> [Requirement] Below are some records; quote exactly the lines from the one that contains "#4 slip on shoe [117,197,144,241]" through the one that contains "#10 toy wagon [156,251,318,479]", inclusive, and no others.

Stored dataset items:

BEGIN

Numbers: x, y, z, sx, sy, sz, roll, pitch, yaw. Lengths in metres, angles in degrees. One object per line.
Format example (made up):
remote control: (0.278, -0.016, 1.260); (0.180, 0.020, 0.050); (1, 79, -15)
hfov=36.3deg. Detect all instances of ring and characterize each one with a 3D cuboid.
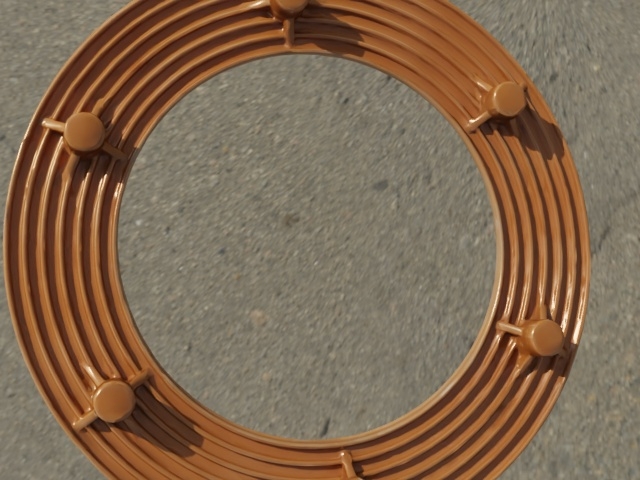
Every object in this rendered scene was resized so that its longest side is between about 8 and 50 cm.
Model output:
ring: (0.000, 0.000, 0.536); (0.337, 0.032, 0.336); (2, 84, -14)
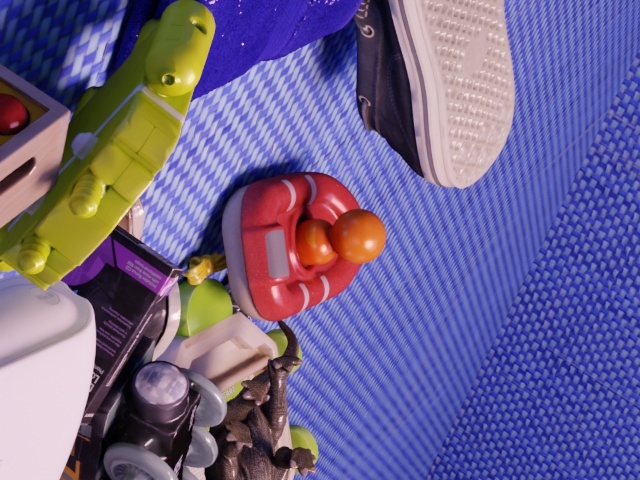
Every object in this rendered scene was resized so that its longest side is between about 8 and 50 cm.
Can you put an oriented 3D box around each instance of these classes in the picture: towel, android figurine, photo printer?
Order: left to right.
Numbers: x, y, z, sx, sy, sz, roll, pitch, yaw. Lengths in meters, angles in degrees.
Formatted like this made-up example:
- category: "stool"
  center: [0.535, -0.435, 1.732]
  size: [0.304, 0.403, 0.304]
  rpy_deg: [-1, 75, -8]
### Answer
- category: "photo printer"
  center: [-0.307, 0.168, 1.499]
  size: [0.307, 0.107, 0.256]
  rpy_deg: [-24, 141, -53]
- category: "android figurine"
  center: [-0.165, -0.067, 1.409]
  size: [0.248, 0.056, 0.273]
  rpy_deg: [-43, -163, 28]
- category: "towel"
  center: [-0.040, -0.227, 1.619]
  size: [0.308, 0.076, 0.228]
  rpy_deg: [-32, 151, -49]

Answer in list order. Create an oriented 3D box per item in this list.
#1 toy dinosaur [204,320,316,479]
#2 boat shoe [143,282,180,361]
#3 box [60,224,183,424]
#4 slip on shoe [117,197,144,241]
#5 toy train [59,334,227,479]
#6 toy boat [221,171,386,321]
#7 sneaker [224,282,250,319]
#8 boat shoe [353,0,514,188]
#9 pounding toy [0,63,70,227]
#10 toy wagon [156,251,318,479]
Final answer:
- category: "toy dinosaur"
  center: [-0.077, 0.212, 1.948]
  size: [0.160, 0.121, 0.314]
  rpy_deg: [-54, -147, 42]
- category: "boat shoe"
  center: [-0.211, 0.115, 1.876]
  size: [0.079, 0.084, 0.233]
  rpy_deg: [1, 139, -28]
- category: "box"
  center: [-0.209, 0.062, 1.646]
  size: [0.162, 0.116, 0.029]
  rpy_deg: [-59, 163, 7]
- category: "slip on shoe"
  center: [-0.186, 0.001, 1.734]
  size: [0.041, 0.051, 0.135]
  rpy_deg: [-21, 155, -19]
- category: "toy train"
  center: [-0.204, 0.201, 1.806]
  size: [0.142, 0.190, 0.334]
  rpy_deg: [-58, 171, -36]
- category: "toy boat"
  center: [0.000, 0.000, 2.050]
  size: [0.231, 0.151, 0.151]
  rpy_deg: [-21, 104, -67]
- category: "sneaker"
  center: [-0.086, 0.059, 2.168]
  size: [0.135, 0.052, 0.058]
  rpy_deg: [-55, 172, 1]
- category: "boat shoe"
  center: [0.095, -0.265, 1.880]
  size: [0.187, 0.156, 0.500]
  rpy_deg: [-42, 145, -29]
- category: "pounding toy"
  center: [-0.244, -0.061, 1.243]
  size: [0.141, 0.130, 0.100]
  rpy_deg: [-43, 160, -42]
- category: "toy wagon"
  center: [-0.114, 0.180, 2.061]
  size: [0.267, 0.068, 0.344]
  rpy_deg: [-27, 112, -53]
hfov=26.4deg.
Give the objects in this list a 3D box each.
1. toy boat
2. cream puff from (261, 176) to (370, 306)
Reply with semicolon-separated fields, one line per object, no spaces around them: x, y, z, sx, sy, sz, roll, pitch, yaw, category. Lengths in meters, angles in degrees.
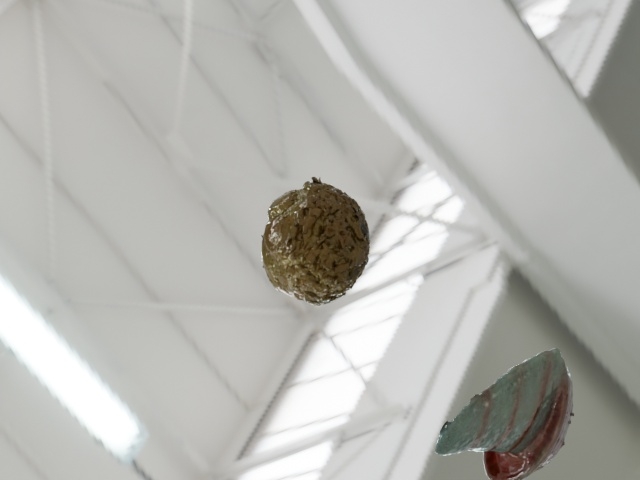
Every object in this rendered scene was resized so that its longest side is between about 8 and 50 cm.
0.238;0.231;1.795;0.096;0.206;0.282;32;-167;35;toy boat
0.000;0.000;1.734;0.150;0.115;0.165;10;-112;-43;cream puff
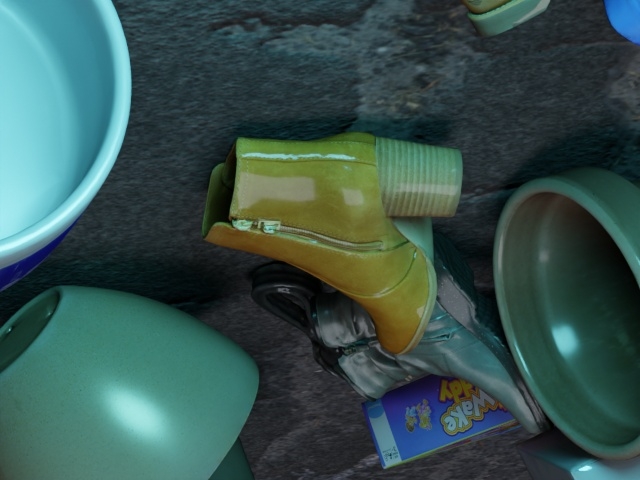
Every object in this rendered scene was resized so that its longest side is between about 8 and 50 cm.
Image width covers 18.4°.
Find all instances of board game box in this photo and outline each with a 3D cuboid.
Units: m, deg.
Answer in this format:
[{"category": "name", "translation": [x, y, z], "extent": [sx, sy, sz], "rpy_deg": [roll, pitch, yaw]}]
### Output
[{"category": "board game box", "translation": [0.248, 0.141, 2.118], "extent": [0.347, 0.078, 0.233], "rpy_deg": [-27, 169, 41]}]

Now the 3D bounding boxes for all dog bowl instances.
[{"category": "dog bowl", "translation": [-0.257, -0.091, 1.228], "extent": [0.265, 0.265, 0.104], "rpy_deg": [2, 159, -21]}]

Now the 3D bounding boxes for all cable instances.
[{"category": "cable", "translation": [0.012, 0.078, 2.045], "extent": [0.139, 0.072, 0.287], "rpy_deg": [-10, 149, 40]}]

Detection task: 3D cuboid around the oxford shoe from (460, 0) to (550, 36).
[{"category": "oxford shoe", "translation": [0.173, -0.216, 1.318], "extent": [0.212, 0.076, 0.076], "rpy_deg": [-29, 111, 23]}]

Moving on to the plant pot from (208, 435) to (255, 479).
[{"category": "plant pot", "translation": [-0.195, 0.292, 2.175], "extent": [0.323, 0.280, 0.323], "rpy_deg": [-6, 157, -3]}]

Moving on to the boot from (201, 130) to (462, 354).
[{"category": "boot", "translation": [0.000, 0.000, 1.746], "extent": [0.211, 0.104, 0.295], "rpy_deg": [2, 145, -5]}]

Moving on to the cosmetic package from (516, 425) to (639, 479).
[{"category": "cosmetic package", "translation": [0.367, 0.195, 1.998], "extent": [0.284, 0.097, 0.377], "rpy_deg": [-28, 179, -3]}]

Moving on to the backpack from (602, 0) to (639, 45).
[{"category": "backpack", "translation": [0.263, -0.182, 1.390], "extent": [0.120, 0.098, 0.101], "rpy_deg": [18, 140, -23]}]

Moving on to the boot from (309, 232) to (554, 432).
[{"category": "boot", "translation": [0.109, 0.115, 1.945], "extent": [0.161, 0.083, 0.246], "rpy_deg": [-31, 110, 20]}]

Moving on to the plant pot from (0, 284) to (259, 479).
[{"category": "plant pot", "translation": [-0.226, 0.154, 1.903], "extent": [0.284, 0.284, 0.191], "rpy_deg": [-27, 117, 40]}]

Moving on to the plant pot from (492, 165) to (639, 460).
[{"category": "plant pot", "translation": [0.321, 0.043, 1.800], "extent": [0.229, 0.263, 0.263], "rpy_deg": [-16, 163, -24]}]
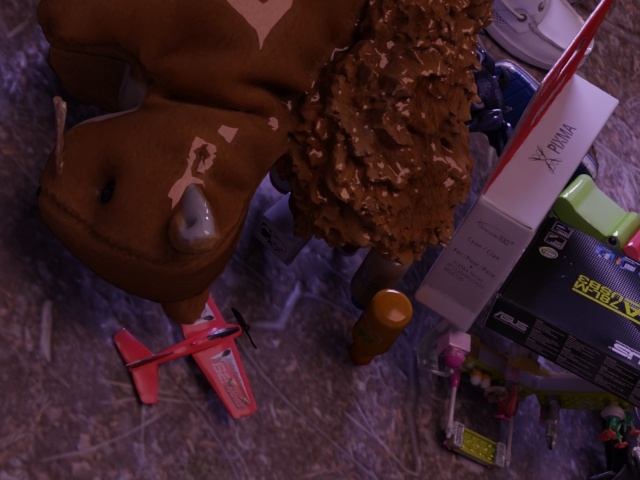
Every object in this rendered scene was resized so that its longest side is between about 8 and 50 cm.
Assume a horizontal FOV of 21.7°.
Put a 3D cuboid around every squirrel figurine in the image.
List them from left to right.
[{"bbox_3d":[-0.046,-0.113,1.386,0.396,0.281,0.371,16,63,-7],"label":"squirrel figurine"}]

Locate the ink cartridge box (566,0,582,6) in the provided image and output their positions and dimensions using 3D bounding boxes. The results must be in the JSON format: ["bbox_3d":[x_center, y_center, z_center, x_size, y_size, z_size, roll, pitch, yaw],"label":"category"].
[{"bbox_3d":[0.353,-0.439,2.045,0.273,0.114,0.198,-38,95,-37],"label":"ink cartridge box"}]

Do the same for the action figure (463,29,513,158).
[{"bbox_3d":[0.109,-0.171,1.698,0.276,0.140,0.164,48,29,-50],"label":"action figure"}]

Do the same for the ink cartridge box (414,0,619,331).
[{"bbox_3d":[0.214,-0.087,1.570,0.066,0.261,0.296,33,37,6],"label":"ink cartridge box"}]

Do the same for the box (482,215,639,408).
[{"bbox_3d":[0.269,0.069,1.594,0.190,0.045,0.184,29,31,10],"label":"box"}]

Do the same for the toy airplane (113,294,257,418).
[{"bbox_3d":[-0.114,0.094,1.427,0.151,0.028,0.151,21,54,-32],"label":"toy airplane"}]

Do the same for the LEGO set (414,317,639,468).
[{"bbox_3d":[0.219,0.165,1.613,0.287,0.132,0.107,16,62,-13],"label":"LEGO set"}]

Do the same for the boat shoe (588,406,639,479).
[{"bbox_3d":[0.322,0.252,1.688,0.102,0.108,0.301,-1,79,-8],"label":"boat shoe"}]

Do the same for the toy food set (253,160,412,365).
[{"bbox_3d":[0.000,0.000,1.556,0.232,0.104,0.111,42,57,8],"label":"toy food set"}]

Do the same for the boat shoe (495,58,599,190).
[{"bbox_3d":[0.243,-0.134,1.851,0.183,0.066,0.066,51,39,-22],"label":"boat shoe"}]

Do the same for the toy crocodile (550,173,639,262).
[{"bbox_3d":[0.366,0.078,1.810,0.115,0.105,0.341,-33,91,-46],"label":"toy crocodile"}]

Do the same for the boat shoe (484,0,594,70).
[{"bbox_3d":[0.220,-0.288,1.882,0.277,0.096,0.098,32,50,-26],"label":"boat shoe"}]
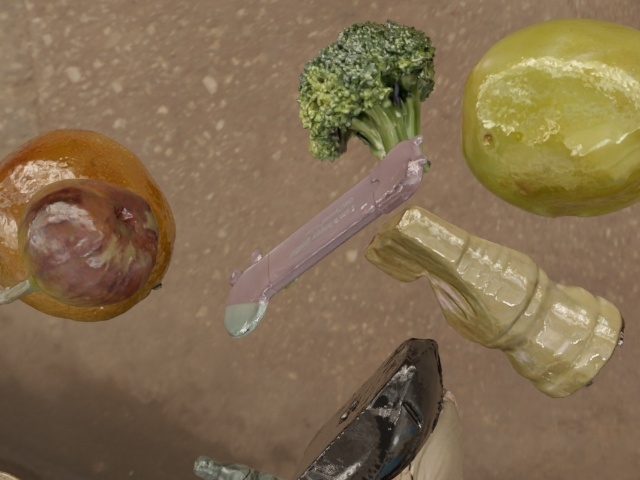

END

> [Written answer]
#4 slip on shoe [117,197,144,241]
#5 toy train [59,334,227,479]
#6 toy boat [221,171,386,321]
#7 sneaker [224,282,250,319]
#8 boat shoe [353,0,514,188]
#9 pounding toy [0,63,70,227]
#10 toy wagon [156,251,318,479]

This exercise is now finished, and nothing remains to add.